Tim DKPP melakukan pengukuran terhadap kadar oksigen terlarut (Dissolved Oxygen/DO), tingkat keasaman (pH), suhu air, hingga kedalaman sungai yang terus mengalami penurunan.

Di wilayah hilir Desa Sungai Arfat, kadar oksigen terlarut hanya tercatat sekitar 1 mg/liter, dengan suhu air mencapai 29,7 derajat Celsius, pH 6, serta kedalaman sungai berkisar 1,5 hingga 3 meter.

Sementara di Desa Mali-Mali, kondisi kualitas air dinilai lebih mengkhawatirkan. Hasil pemantauan pada pukul 18.25 Wita menunjukkan kadar oksigen terlarut hanya berada di kisaran 0,61 hingga 1,3 mg/liter, dengan pH tetap 6, kedalaman sungai tinggal 1 hingga 2,5 meter, dan permukaan air telah turun sekitar dua meter dari kondisi normal. Tingkat kecerahan air tercatat antara 75 hingga 102 sentimeter.

Menurut Bandi, rendahnya kandungan oksigen menjadi ancaman utama bagi ikan yang dipelihara di keramba.

“Jika kadar oksigen terus menurun dalam waktu yang lama, ikan akan mengalami stres, sulit bernapas, bahkan berpotensi mati massal,” ujarnya.

Ia menjelaskan, DKPP sebenarnya telah melakukan langkah pencegahan sejak Mei hingga Juni 2026 melalui sosialisasi dan penyampaian imbauan kepada seluruh pembudidaya ikan.

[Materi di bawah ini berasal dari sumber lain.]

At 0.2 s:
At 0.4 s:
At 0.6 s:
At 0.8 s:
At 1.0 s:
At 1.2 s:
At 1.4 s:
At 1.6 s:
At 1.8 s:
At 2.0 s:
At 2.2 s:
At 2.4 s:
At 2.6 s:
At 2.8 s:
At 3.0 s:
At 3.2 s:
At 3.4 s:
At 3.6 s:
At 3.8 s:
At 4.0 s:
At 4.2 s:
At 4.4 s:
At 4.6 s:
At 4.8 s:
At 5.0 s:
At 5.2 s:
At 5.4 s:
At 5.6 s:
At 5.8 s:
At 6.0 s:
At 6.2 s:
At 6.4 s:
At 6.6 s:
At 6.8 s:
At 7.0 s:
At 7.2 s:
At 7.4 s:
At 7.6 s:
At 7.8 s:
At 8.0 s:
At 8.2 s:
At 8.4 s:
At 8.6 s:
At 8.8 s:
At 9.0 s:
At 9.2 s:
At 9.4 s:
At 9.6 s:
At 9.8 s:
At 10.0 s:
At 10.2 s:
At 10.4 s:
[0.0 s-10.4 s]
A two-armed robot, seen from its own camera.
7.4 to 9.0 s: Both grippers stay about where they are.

Para pembudidaya diminta mengatur waktu panen sebelum debit air turun lebih jauh, serta mengurangi kepadatan tebar benih agar kebutuhan oksigen ikan tetap tercukupi meski kualitas air menurun.

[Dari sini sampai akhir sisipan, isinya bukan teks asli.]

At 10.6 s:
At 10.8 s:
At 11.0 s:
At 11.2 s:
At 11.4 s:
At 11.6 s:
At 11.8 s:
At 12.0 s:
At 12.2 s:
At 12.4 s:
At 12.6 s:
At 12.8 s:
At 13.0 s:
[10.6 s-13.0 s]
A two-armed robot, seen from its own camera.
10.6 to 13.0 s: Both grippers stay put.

“Sejak Mei sampai Juni kami sudah mengingatkan para pembudidaya agar mewaspadai perubahan iklim yang memasuki musim kemarau. Kami mengimbau mereka mengatur jadwal panen lebih awal dan tidak menebar ikan terlalu padat agar risiko kerugian bisa diminimalkan,” kata Bandi.

Imbauan tersebut terbukti membantu sebagian pembudidaya menghindari kerugian besar.

Salmi, salah seorang pembudidaya ikan di Desa Mali-Mali, mengaku permukaan air sungai kini telah turun sekitar dua meter dibandingkan kondisi normal. Kondisi itu membuat kandungan oksigen di dalam air berkurang drastis sehingga ikan bawal yang dipeliharanya mulai mengalami gejala kekurangan oksigen.

Beruntung, ia segera melakukan panen darurat sebelum kondisi semakin memburuk.

“Sekitar 500 kilogram ikan bawal berhasil kami panen dan langsung dijual. Kalau terlambat beberapa hari saja, kemungkinan besar ikan akan mati karena kekurangan oksigen,” ungkapnya.

DKPP Kabupaten Banjar mengimbau seluruh pembudidaya terus memantau kondisi sungai selama musim kemarau berlangsung. Perubahan kualitas air dapat terjadi dalam waktu singkat, sehingga diperlukan kewaspadaan dan tindakan cepat untuk mencegah kematian ikan.

Melalui pemantauan rutin dan koordinasi dengan para pembudidaya, pemerintah daerah berharap produktivitas sektor perikanan budidaya tetap terjaga sekaligus melindungi pendapatan masyarakat yang menggantungkan hidup dari usaha keramba jala apung di Kabupaten Banjar.